== DATA EXTRACT ==

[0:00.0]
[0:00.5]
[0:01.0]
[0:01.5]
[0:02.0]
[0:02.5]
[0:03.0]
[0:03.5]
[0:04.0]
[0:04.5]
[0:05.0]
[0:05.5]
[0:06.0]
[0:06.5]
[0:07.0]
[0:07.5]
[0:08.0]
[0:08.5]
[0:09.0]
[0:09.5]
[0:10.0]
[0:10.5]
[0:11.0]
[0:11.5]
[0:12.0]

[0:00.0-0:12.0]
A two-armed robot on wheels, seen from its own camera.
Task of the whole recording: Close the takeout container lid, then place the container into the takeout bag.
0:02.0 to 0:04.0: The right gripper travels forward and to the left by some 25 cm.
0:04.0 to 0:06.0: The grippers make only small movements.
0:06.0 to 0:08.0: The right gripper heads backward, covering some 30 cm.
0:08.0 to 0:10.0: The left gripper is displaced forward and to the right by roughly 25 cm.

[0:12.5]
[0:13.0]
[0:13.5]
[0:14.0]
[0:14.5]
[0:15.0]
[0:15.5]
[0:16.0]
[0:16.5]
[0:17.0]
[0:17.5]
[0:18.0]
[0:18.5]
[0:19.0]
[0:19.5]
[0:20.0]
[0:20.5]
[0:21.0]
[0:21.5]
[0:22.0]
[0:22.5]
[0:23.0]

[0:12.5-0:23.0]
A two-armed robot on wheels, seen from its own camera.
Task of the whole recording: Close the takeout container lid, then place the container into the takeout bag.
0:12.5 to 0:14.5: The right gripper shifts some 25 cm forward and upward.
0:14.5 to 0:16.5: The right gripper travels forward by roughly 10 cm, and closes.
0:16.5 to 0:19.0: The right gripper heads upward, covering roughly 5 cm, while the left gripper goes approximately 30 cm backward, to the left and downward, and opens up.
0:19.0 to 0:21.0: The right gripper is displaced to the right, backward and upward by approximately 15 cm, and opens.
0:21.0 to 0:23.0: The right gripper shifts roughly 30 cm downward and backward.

===

- [WHAT THIS TASK INVOLVES]: Your answer should be every entry above, repeated exactly.

- [EXERCISE SOLUTION]:
[0:00.0]
[0:00.5]
[0:01.0]
[0:01.5]
[0:02.0]
[0:02.5]
[0:03.0]
[0:03.5]
[0:04.0]
[0:04.5]
[0:05.0]
[0:05.5]
[0:06.0]
[0:06.5]
[0:07.0]
[0:07.5]
[0:08.0]
[0:08.5]
[0:09.0]
[0:09.5]
[0:10.0]
[0:10.5]
[0:11.0]
[0:11.5]
[0:12.0]

[0:00.0-0:12.0]
A two-armed robot on wheels, seen from its own camera.
Task of the whole recording: Close the takeout container lid, then place the container into the takeout bag.
0:02.0 to 0:04.0: The right gripper travels forward and to the left by some 25 cm.
0:04.0 to 0:06.0: The grippers make only small movements.
0:06.0 to 0:08.0: The right gripper heads backward, covering some 30 cm.
0:08.0 to 0:10.0: The left gripper is displaced forward and to the right by roughly 25 cm.

[0:12.5]
[0:13.0]
[0:13.5]
[0:14.0]
[0:14.5]
[0:15.0]
[0:15.5]
[0:16.0]
[0:16.5]
[0:17.0]
[0:17.5]
[0:18.0]
[0:18.5]
[0:19.0]
[0:19.5]
[0:20.0]
[0:20.5]
[0:21.0]
[0:21.5]
[0:22.0]
[0:22.5]
[0:23.0]

[0:12.5-0:23.0]
A two-armed robot on wheels, seen from its own camera.
Task of the whole recording: Close the takeout container lid, then place the container into the takeout bag.
0:12.5 to 0:14.5: The right gripper shifts some 25 cm forward and upward.
0:14.5 to 0:16.5: The right gripper travels forward by roughly 10 cm, and closes.
0:16.5 to 0:19.0: The right gripper heads upward, covering roughly 5 cm, while the left gripper goes approximately 30 cm backward, to the left and downward, and opens up.
0:19.0 to 0:21.0: The right gripper is displaced to the right, backward and upward by approximately 15 cm, and opens.
0:21.0 to 0:23.0: The right gripper shifts roughly 30 cm downward and backward.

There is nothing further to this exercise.